> **HOW TO COMPLETE THIS TASK**: Restate every record that follows, keeping it exact.

> **INFORMATION SHOWN**:
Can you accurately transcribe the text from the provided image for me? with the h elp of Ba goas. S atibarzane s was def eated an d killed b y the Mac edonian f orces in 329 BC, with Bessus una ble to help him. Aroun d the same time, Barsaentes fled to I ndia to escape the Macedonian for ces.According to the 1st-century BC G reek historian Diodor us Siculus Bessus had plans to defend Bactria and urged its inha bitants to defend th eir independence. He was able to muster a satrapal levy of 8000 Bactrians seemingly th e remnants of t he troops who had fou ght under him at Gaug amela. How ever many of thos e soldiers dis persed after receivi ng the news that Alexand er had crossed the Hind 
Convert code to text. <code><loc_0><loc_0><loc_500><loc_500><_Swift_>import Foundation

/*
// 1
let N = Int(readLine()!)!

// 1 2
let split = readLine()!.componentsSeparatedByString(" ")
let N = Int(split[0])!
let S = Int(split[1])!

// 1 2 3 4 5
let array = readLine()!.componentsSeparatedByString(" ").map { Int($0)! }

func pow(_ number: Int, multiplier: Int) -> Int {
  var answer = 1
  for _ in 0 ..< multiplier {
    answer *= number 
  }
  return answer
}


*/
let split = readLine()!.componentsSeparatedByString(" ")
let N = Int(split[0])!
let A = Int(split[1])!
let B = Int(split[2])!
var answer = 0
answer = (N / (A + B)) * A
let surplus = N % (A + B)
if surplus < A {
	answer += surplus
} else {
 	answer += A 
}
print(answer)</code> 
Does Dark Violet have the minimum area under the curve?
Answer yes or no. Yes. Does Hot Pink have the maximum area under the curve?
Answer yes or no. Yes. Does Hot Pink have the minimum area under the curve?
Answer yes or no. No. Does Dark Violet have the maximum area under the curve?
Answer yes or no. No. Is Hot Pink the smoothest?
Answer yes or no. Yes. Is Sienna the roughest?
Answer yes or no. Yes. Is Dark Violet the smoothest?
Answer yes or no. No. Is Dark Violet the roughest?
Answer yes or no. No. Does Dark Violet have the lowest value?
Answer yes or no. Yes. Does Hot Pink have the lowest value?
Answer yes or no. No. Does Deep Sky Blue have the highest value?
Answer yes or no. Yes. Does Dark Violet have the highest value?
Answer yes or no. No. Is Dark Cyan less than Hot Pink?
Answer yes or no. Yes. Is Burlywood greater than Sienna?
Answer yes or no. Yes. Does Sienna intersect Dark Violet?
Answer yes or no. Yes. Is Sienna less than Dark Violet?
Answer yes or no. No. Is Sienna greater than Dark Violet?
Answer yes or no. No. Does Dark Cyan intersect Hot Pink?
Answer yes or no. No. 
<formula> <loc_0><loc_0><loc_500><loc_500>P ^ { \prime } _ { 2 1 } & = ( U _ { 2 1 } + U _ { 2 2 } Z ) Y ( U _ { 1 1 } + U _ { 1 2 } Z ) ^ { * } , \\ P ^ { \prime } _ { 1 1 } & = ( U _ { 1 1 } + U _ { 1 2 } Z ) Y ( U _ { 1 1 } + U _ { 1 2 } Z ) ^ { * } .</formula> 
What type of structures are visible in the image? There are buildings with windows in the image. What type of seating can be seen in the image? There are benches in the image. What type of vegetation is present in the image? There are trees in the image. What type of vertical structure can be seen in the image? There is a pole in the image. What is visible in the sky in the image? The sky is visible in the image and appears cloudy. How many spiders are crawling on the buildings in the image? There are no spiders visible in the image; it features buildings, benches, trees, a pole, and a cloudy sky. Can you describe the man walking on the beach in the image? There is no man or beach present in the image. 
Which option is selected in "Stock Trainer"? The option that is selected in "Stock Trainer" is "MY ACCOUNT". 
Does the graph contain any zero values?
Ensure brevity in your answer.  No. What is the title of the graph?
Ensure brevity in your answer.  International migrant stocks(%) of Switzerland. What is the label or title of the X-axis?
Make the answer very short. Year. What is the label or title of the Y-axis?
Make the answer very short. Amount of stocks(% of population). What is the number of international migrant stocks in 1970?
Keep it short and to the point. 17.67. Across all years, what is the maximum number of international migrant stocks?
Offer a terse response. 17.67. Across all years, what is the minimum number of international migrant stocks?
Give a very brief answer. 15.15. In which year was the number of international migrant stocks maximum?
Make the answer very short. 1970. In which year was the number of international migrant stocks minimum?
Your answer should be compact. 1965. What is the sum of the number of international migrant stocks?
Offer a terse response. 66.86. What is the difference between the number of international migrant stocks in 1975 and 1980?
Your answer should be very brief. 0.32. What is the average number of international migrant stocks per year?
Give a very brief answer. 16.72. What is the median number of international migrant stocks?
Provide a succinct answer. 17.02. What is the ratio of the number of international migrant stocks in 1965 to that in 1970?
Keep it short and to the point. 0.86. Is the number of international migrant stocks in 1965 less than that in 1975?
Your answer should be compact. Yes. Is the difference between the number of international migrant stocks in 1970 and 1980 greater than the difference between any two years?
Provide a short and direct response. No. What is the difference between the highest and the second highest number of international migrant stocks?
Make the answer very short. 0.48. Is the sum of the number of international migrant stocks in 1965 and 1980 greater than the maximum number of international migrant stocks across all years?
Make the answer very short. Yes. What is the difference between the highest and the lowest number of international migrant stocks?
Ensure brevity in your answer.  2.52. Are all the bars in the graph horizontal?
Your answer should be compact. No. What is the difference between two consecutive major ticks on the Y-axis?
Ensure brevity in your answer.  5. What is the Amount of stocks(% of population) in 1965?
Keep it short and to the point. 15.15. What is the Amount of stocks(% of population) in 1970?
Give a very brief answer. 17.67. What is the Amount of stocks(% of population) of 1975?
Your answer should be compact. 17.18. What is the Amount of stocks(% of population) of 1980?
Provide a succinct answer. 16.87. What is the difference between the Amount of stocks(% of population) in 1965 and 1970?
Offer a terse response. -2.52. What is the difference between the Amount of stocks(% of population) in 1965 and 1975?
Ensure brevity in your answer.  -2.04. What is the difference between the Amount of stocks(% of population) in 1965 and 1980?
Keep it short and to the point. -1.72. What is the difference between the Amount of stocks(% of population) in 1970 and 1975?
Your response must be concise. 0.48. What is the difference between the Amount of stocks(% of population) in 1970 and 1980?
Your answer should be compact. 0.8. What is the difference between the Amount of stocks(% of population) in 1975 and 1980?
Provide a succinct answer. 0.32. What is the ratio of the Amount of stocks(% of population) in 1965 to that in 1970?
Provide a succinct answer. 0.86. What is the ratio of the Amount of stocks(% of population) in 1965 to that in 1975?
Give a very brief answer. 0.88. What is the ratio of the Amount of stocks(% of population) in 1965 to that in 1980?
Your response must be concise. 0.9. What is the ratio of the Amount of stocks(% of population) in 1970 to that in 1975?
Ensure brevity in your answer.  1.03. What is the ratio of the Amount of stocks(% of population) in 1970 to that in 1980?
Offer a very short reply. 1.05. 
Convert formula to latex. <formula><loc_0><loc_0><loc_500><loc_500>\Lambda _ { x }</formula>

> **OUTPUT FOR THIS EXERCISE**:
Can you accurately transcribe the text from the provided image for me? with the h elp of Ba goas. S atibarzane s was def eated an d killed b y the Mac edonian f orces in 329 BC, with Bessus una ble to help him. Aroun d the same time, Barsaentes fled to I ndia to escape the Macedonian for ces.According to the 1st-century BC G reek historian Diodor us Siculus Bessus had plans to defend Bactria and urged its inha bitants to defend th eir independence. He was able to muster a satrapal levy of 8000 Bactrians seemingly th e remnants of t he troops who had fou ght under him at Gaug amela. How ever many of thos e soldiers dis persed after receivi ng the news that Alexand er had crossed the Hind 
Convert code to text. <code><loc_0><loc_0><loc_500><loc_500><_Swift_>import Foundation

/*
// 1
let N = Int(readLine()!)!

// 1 2
let split = readLine()!.componentsSeparatedByString(" ")
let N = Int(split[0])!
let S = Int(split[1])!

// 1 2 3 4 5
let array = readLine()!.componentsSeparatedByString(" ").map { Int($0)! }

func pow(_ number: Int, multiplier: Int) -> Int {
  var answer = 1
  for _ in 0 ..< multiplier {
    answer *= number 
  }
  return answer
}


*/
let split = readLine()!.componentsSeparatedByString(" ")
let N = Int(split[0])!
let A = Int(split[1])!
let B = Int(split[2])!
var answer = 0
answer = (N / (A + B)) * A
let surplus = N % (A + B)
if surplus < A {
	answer += surplus
} else {
 	answer += A 
}
print(answer)</code> 
Does Dark Violet have the minimum area under the curve?
Answer yes or no. Yes. Does Hot Pink have the maximum area under the curve?
Answer yes or no. Yes. Does Hot Pink have the minimum area under the curve?
Answer yes or no. No. Does Dark Violet have the maximum area under the curve?
Answer yes or no. No. Is Hot Pink the smoothest?
Answer yes or no. Yes. Is Sienna the roughest?
Answer yes or no. Yes. Is Dark Violet the smoothest?
Answer yes or no. No. Is Dark Violet the roughest?
Answer yes or no. No. Does Dark Violet have the lowest value?
Answer yes or no. Yes. Does Hot Pink have the lowest value?
Answer yes or no. No. Does Deep Sky Blue have the highest value?
Answer yes or no. Yes. Does Dark Violet have the highest value?
Answer yes or no. No. Is Dark Cyan less than Hot Pink?
Answer yes or no. Yes. Is Burlywood greater than Sienna?
Answer yes or no. Yes. Does Sienna intersect Dark Violet?
Answer yes or no. Yes. Is Sienna less than Dark Violet?
Answer yes or no. No. Is Sienna greater than Dark Violet?
Answer yes or no. No. Does Dark Cyan intersect Hot Pink?
Answer yes or no. No. 
<formula> <loc_0><loc_0><loc_500><loc_500>P ^ { \prime } _ { 2 1 } & = ( U _ { 2 1 } + U _ { 2 2 } Z ) Y ( U _ { 1 1 } + U _ { 1 2 } Z ) ^ { * } , \\ P ^ { \prime } _ { 1 1 } & = ( U _ { 1 1 } + U _ { 1 2 } Z ) Y ( U _ { 1 1 } + U _ { 1 2 } Z ) ^ { * } .</formula> 
What type of structures are visible in the image? There are buildings with windows in the image. What type of seating can be seen in the image? There are benches in the image. What type of vegetation is present in the image? There are trees in the image. What type of vertical structure can be seen in the image? There is a pole in the image. What is visible in the sky in the image? The sky is visible in the image and appears cloudy. How many spiders are crawling on the buildings in the image? There are no spiders visible in the image; it features buildings, benches, trees, a pole, and a cloudy sky. Can you describe the man walking on the beach in the image? There is no man or beach present in the image. 
Which option is selected in "Stock Trainer"? The option that is selected in "Stock Trainer" is "MY ACCOUNT". 
Does the graph contain any zero values?
Ensure brevity in your answer.  No. What is the title of the graph?
Ensure brevity in your answer.  International migrant stocks(%) of Switzerland. What is the label or title of the X-axis?
Make the answer very short. Year. What is the label or title of the Y-axis?
Make the answer very short. Amount of stocks(% of population). What is the number of international migrant stocks in 1970?
Keep it short and to the point. 17.67. Across all years, what is the maximum number of international migrant stocks?
Offer a terse response. 17.67. Across all years, what is the minimum number of international migrant stocks?
Give a very brief answer. 15.15. In which year was the number of international migrant stocks maximum?
Make the answer very short. 1970. In which year was the number of international migrant stocks minimum?
Your answer should be compact. 1965. What is the sum of the number of international migrant stocks?
Offer a terse response. 66.86. What is the difference between the number of international migrant stocks in 1975 and 1980?
Your answer should be very brief. 0.32. What is the average number of international migrant stocks per year?
Give a very brief answer. 16.72. What is the median number of international migrant stocks?
Provide a succinct answer. 17.02. What is the ratio of the number of international migrant stocks in 1965 to that in 1970?
Keep it short and to the point. 0.86. Is the number of international migrant stocks in 1965 less than that in 1975?
Your answer should be compact. Yes. Is the difference between the number of international migrant stocks in 1970 and 1980 greater than the difference between any two years?
Provide a short and direct response. No. What is the difference between the highest and the second highest number of international migrant stocks?
Make the answer very short. 0.48. Is the sum of the number of international migrant stocks in 1965 and 1980 greater than the maximum number of international migrant stocks across all years?
Make the answer very short. Yes. What is the difference between the highest and the lowest number of international migrant stocks?
Ensure brevity in your answer.  2.52. Are all the bars in the graph horizontal?
Your answer should be compact. No. What is the difference between two consecutive major ticks on the Y-axis?
Ensure brevity in your answer.  5. What is the Amount of stocks(% of population) in 1965?
Keep it short and to the point. 15.15. What is the Amount of stocks(% of population) in 1970?
Give a very brief answer. 17.67. What is the Amount of stocks(% of population) of 1975?
Your answer should be compact. 17.18. What is the Amount of stocks(% of population) of 1980?
Provide a succinct answer. 16.87. What is the difference between the Amount of stocks(% of population) in 1965 and 1970?
Offer a terse response. -2.52. What is the difference between the Amount of stocks(% of population) in 1965 and 1975?
Ensure brevity in your answer.  -2.04. What is the difference between the Amount of stocks(% of population) in 1965 and 1980?
Keep it short and to the point. -1.72. What is the difference between the Amount of stocks(% of population) in 1970 and 1975?
Your response must be concise. 0.48. What is the difference between the Amount of stocks(% of population) in 1970 and 1980?
Your answer should be compact. 0.8. What is the difference between the Amount of stocks(% of population) in 1975 and 1980?
Provide a succinct answer. 0.32. What is the ratio of the Amount of stocks(% of population) in 1965 to that in 1970?
Provide a succinct answer. 0.86. What is the ratio of the Amount of stocks(% of population) in 1965 to that in 1975?
Give a very brief answer. 0.88. What is the ratio of the Amount of stocks(% of population) in 1965 to that in 1980?
Your response must be concise. 0.9. What is the ratio of the Amount of stocks(% of population) in 1970 to that in 1975?
Ensure brevity in your answer.  1.03. What is the ratio of the Amount of stocks(% of population) in 1970 to that in 1980?
Offer a very short reply. 1.05. 
Convert formula to latex. <formula><loc_0><loc_0><loc_500><loc_500>\Lambda _ { x }</formula>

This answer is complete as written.